Reinforcement Learning and the Power Rule of Practice: Some Analytical Results
|Speaker:||Antonella Ianni, University of Southampton|
|Date:||Wednesday 1 November 2000|
|Location:||Room 106 Streatam Court|
Erev and Roth (AER 1998) among others provide a comprehensive analysis of experimental evidence on learning in games, based on a stochastic model of learning that accounts for two main elements: the Law of Effect (positive reinforcement of actions that perform well) and the Power Law of Practice (learning curves tend to be steeper initially). This paper complements the above literature by providing an analitical study of the properties of such learning models. Specifically, path-dependent processes of individual learning, as well as societal evolution, are modelled by means of non-linear Polya urn processes. The paper shows that:
a) up to a error term, the stochastic process is driven by a system of discrete time difference equation of the replicator type.
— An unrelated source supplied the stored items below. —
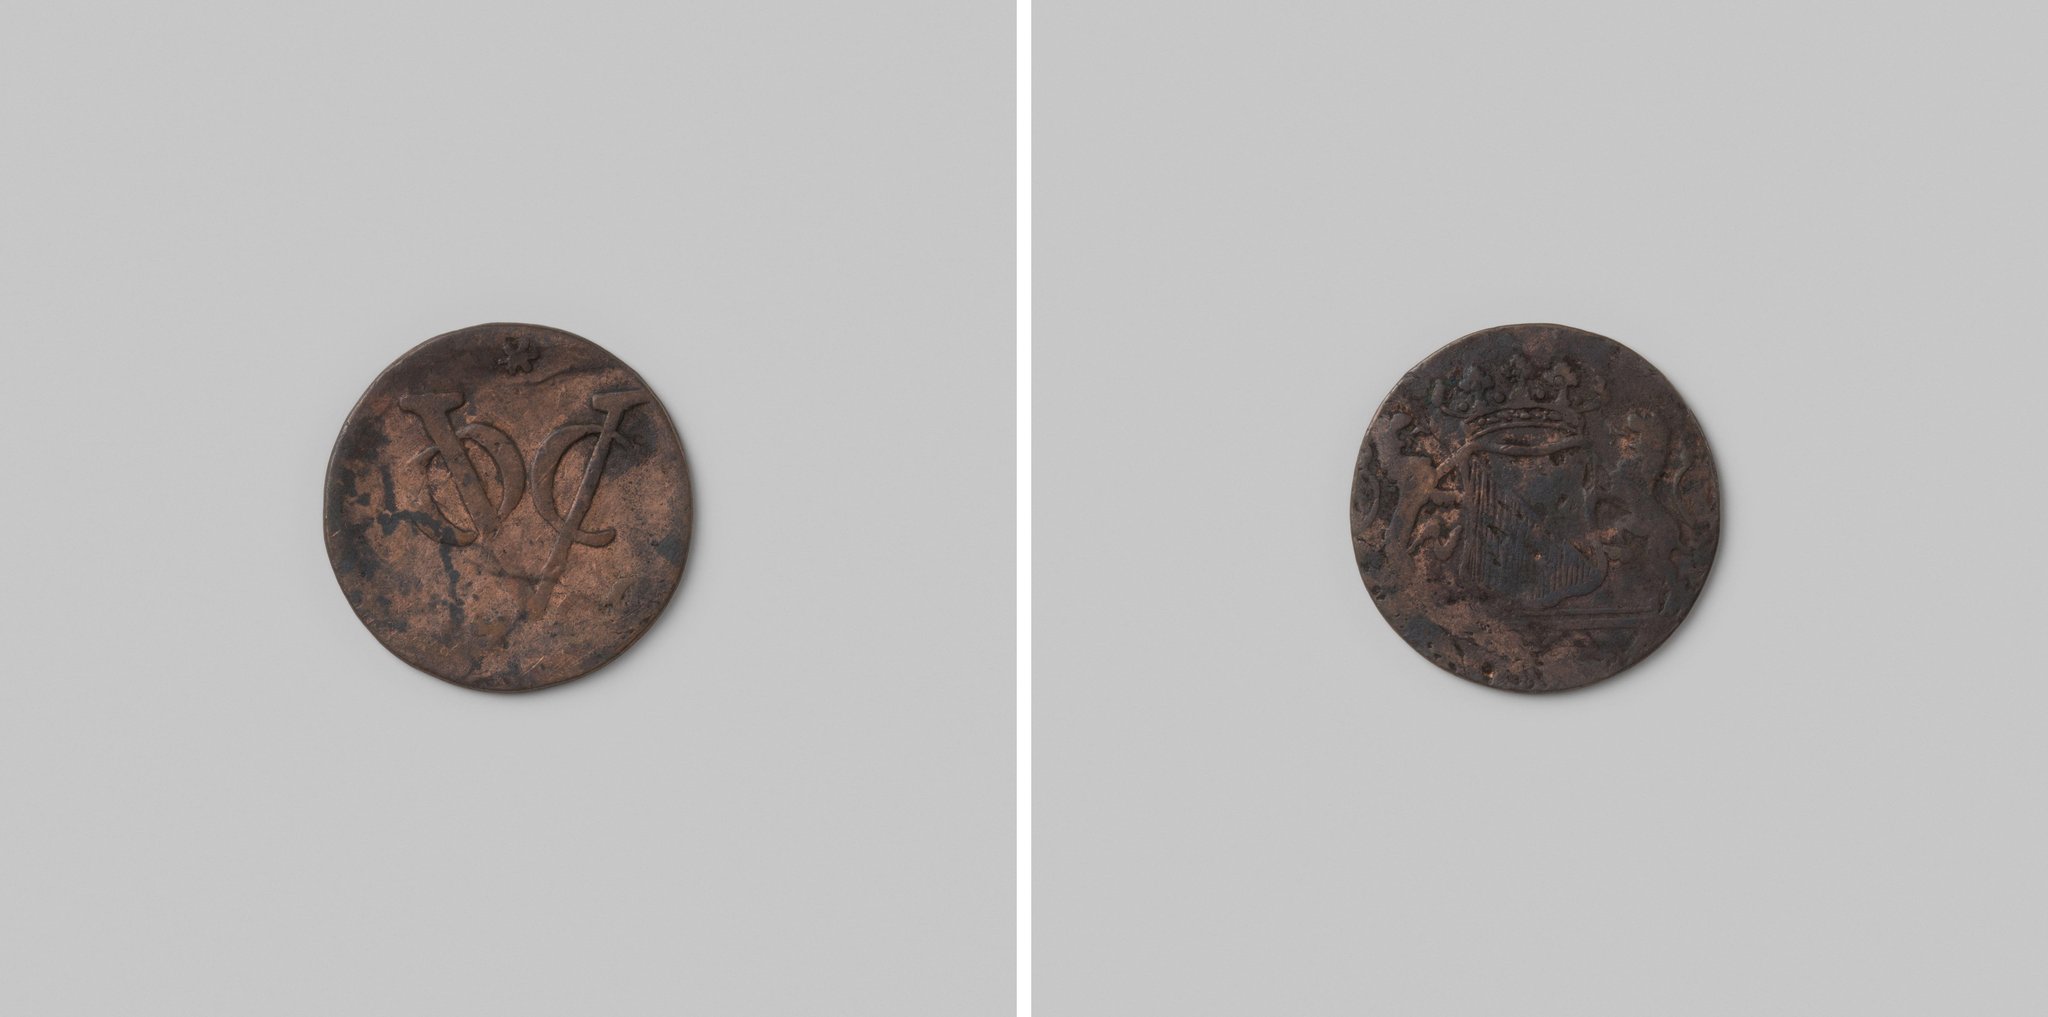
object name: coin
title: Koperen muntje uit Oost-Indië
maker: Anonymous
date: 1700-1900
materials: copper
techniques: striking
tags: verenigde oostindische compagnie, oost-indië
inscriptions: inscription: ‘VOC (als teken van de VOC, letters door elkaar, geschreven)’, inscription: ‘Jacques Schulman N.V. / Numismaten / Keizersgracht 448 / Amsterdam-C.’
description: Koperen muntje. Voorzijde: het teken van de VOC (VOC door elkaar heen geschreven). Keerzijde: door twee leeuwen vastgehouden wapen. Het muntje zit in een vierkant envelopje met opschrift.

This carries an analogy with Borgers and Sarin (JET 1997), where reinforcement learning accounts only for the Law of Effect.
b) the system converges almost surely to the set of fixed points of the associated deterministic system and also locally follows its trajectories. This is mainly due to the fact that by explicitely modeling the Power of Practice effect in the process we are able to track the magnitude of the jumps of the stochastic process.